Begin with the first line below and retype each line exactly through the line containing "Make the answer very short. Yes.". Any pictures are to be left out.

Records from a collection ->
◇ ◇ ◇ ◇ ◇
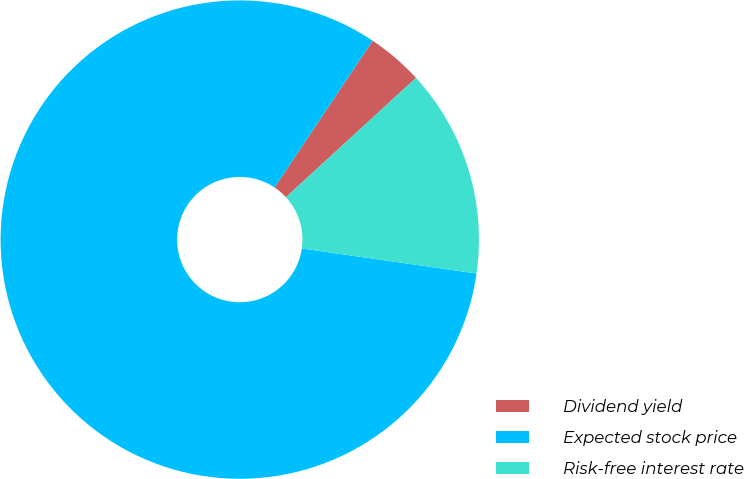<chart> <loc_0><loc_0><loc_500><loc_500><pie_chart><fcel>Dividend yield<fcel>Expected stock price<fcel>Risk-free interest rate<nl><fcel>3.81%<fcel>82.11%<fcel>14.08%<nl></chart> 
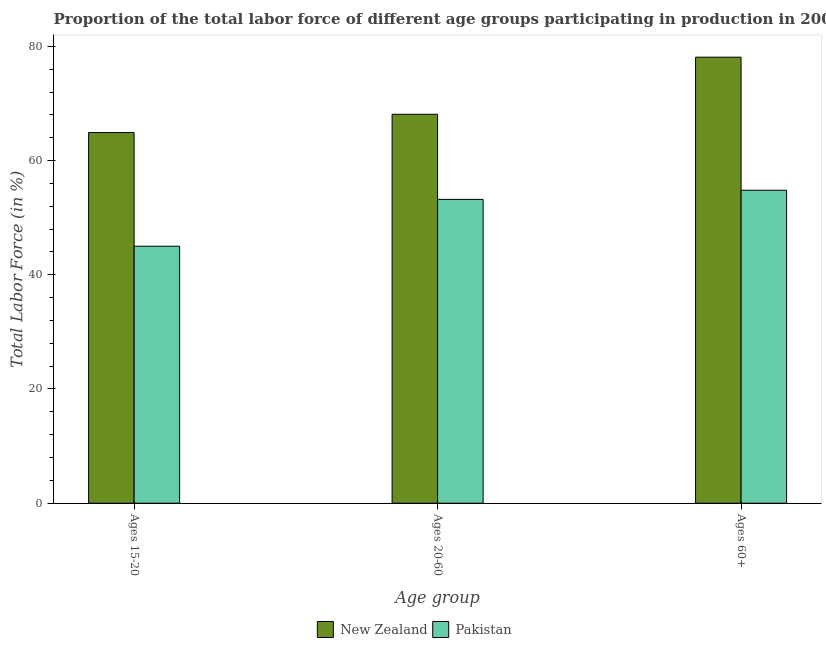How many different coloured bars are there?
Offer a terse response. 2. Are the number of bars per tick equal to the number of legend labels?
Make the answer very short. Yes. Are the number of bars on each tick of the X-axis equal?
Ensure brevity in your answer.  Yes. How many bars are there on the 2nd tick from the left?
Provide a succinct answer. 2. What is the label of the 2nd group of bars from the left?
Provide a succinct answer. Ages 20-60. What is the percentage of labor force within the age group 20-60 in New Zealand?
Make the answer very short. 68.1. Across all countries, what is the maximum percentage of labor force within the age group 20-60?
Ensure brevity in your answer.  68.1. In which country was the percentage of labor force above age 60 maximum?
Offer a terse response. New Zealand. What is the total percentage of labor force within the age group 20-60 in the graph?
Offer a terse response. 121.3. What is the difference between the percentage of labor force within the age group 20-60 in Pakistan and that in New Zealand?
Make the answer very short. -14.9. What is the difference between the percentage of labor force above age 60 in New Zealand and the percentage of labor force within the age group 20-60 in Pakistan?
Your answer should be very brief. 24.9. What is the average percentage of labor force within the age group 15-20 per country?
Your response must be concise. 54.95. What is the difference between the percentage of labor force within the age group 15-20 and percentage of labor force within the age group 20-60 in Pakistan?
Offer a terse response. -8.2. In how many countries, is the percentage of labor force within the age group 20-60 greater than 8 %?
Your response must be concise. 2. What is the ratio of the percentage of labor force above age 60 in Pakistan to that in New Zealand?
Provide a short and direct response. 0.7. Is the percentage of labor force within the age group 15-20 in New Zealand less than that in Pakistan?
Make the answer very short. No. What is the difference between the highest and the second highest percentage of labor force within the age group 20-60?
Give a very brief answer. 14.9. What is the difference between the highest and the lowest percentage of labor force within the age group 20-60?
Give a very brief answer. 14.9. Is the sum of the percentage of labor force within the age group 20-60 in New Zealand and Pakistan greater than the maximum percentage of labor force within the age group 15-20 across all countries?
Offer a very short reply. Yes. What does the 2nd bar from the right in Ages 15-20 represents?
Your answer should be compact. New Zealand. How many bars are there?
Your answer should be very brief. 6. How many countries are there in the graph?
Offer a terse response. 2. What is the difference between two consecutive major ticks on the Y-axis?
Ensure brevity in your answer.  20. Does the graph contain any zero values?
Keep it short and to the point. No. Does the graph contain grids?
Your answer should be very brief. No. Where does the legend appear in the graph?
Your answer should be very brief. Bottom center. How many legend labels are there?
Give a very brief answer. 2. What is the title of the graph?
Make the answer very short. Proportion of the total labor force of different age groups participating in production in 2007. What is the label or title of the X-axis?
Give a very brief answer. Age group. What is the label or title of the Y-axis?
Your response must be concise. Total Labor Force (in %). What is the Total Labor Force (in %) of New Zealand in Ages 15-20?
Offer a very short reply. 64.9. What is the Total Labor Force (in %) in New Zealand in Ages 20-60?
Your answer should be compact. 68.1. What is the Total Labor Force (in %) of Pakistan in Ages 20-60?
Offer a terse response. 53.2. What is the Total Labor Force (in %) of New Zealand in Ages 60+?
Provide a short and direct response. 78.1. What is the Total Labor Force (in %) of Pakistan in Ages 60+?
Your answer should be very brief. 54.8. Across all Age group, what is the maximum Total Labor Force (in %) in New Zealand?
Provide a succinct answer. 78.1. Across all Age group, what is the maximum Total Labor Force (in %) of Pakistan?
Provide a short and direct response. 54.8. Across all Age group, what is the minimum Total Labor Force (in %) of New Zealand?
Keep it short and to the point. 64.9. Across all Age group, what is the minimum Total Labor Force (in %) in Pakistan?
Your answer should be very brief. 45. What is the total Total Labor Force (in %) of New Zealand in the graph?
Your answer should be very brief. 211.1. What is the total Total Labor Force (in %) in Pakistan in the graph?
Your answer should be very brief. 153. What is the difference between the Total Labor Force (in %) in Pakistan in Ages 15-20 and that in Ages 20-60?
Ensure brevity in your answer.  -8.2. What is the difference between the Total Labor Force (in %) in New Zealand in Ages 15-20 and that in Ages 60+?
Offer a terse response. -13.2. What is the difference between the Total Labor Force (in %) in New Zealand in Ages 15-20 and the Total Labor Force (in %) in Pakistan in Ages 20-60?
Make the answer very short. 11.7. What is the difference between the Total Labor Force (in %) of New Zealand in Ages 20-60 and the Total Labor Force (in %) of Pakistan in Ages 60+?
Offer a terse response. 13.3. What is the average Total Labor Force (in %) in New Zealand per Age group?
Your response must be concise. 70.37. What is the difference between the Total Labor Force (in %) of New Zealand and Total Labor Force (in %) of Pakistan in Ages 20-60?
Offer a terse response. 14.9. What is the difference between the Total Labor Force (in %) of New Zealand and Total Labor Force (in %) of Pakistan in Ages 60+?
Ensure brevity in your answer.  23.3. What is the ratio of the Total Labor Force (in %) of New Zealand in Ages 15-20 to that in Ages 20-60?
Keep it short and to the point. 0.95. What is the ratio of the Total Labor Force (in %) of Pakistan in Ages 15-20 to that in Ages 20-60?
Provide a succinct answer. 0.85. What is the ratio of the Total Labor Force (in %) in New Zealand in Ages 15-20 to that in Ages 60+?
Your response must be concise. 0.83. What is the ratio of the Total Labor Force (in %) in Pakistan in Ages 15-20 to that in Ages 60+?
Offer a terse response. 0.82. What is the ratio of the Total Labor Force (in %) of New Zealand in Ages 20-60 to that in Ages 60+?
Your answer should be compact. 0.87. What is the ratio of the Total Labor Force (in %) of Pakistan in Ages 20-60 to that in Ages 60+?
Make the answer very short. 0.97. What is the difference between the highest and the second highest Total Labor Force (in %) in New Zealand?
Your answer should be very brief. 10.
◇ ◇ ◇ ◇ ◇
Task result ->
<chart> <loc_0><loc_0><loc_500><loc_500><pie_chart><fcel>Dividend yield<fcel>Expected stock price<fcel>Risk-free interest rate<nl><fcel>3.81%<fcel>82.11%<fcel>14.08%<nl></chart> 
How many different coloured bars are there?
Offer a terse response. 2. Are the number of bars per tick equal to the number of legend labels?
Make the answer very short. Yes. Are the number of bars on each tick of the X-axis equal?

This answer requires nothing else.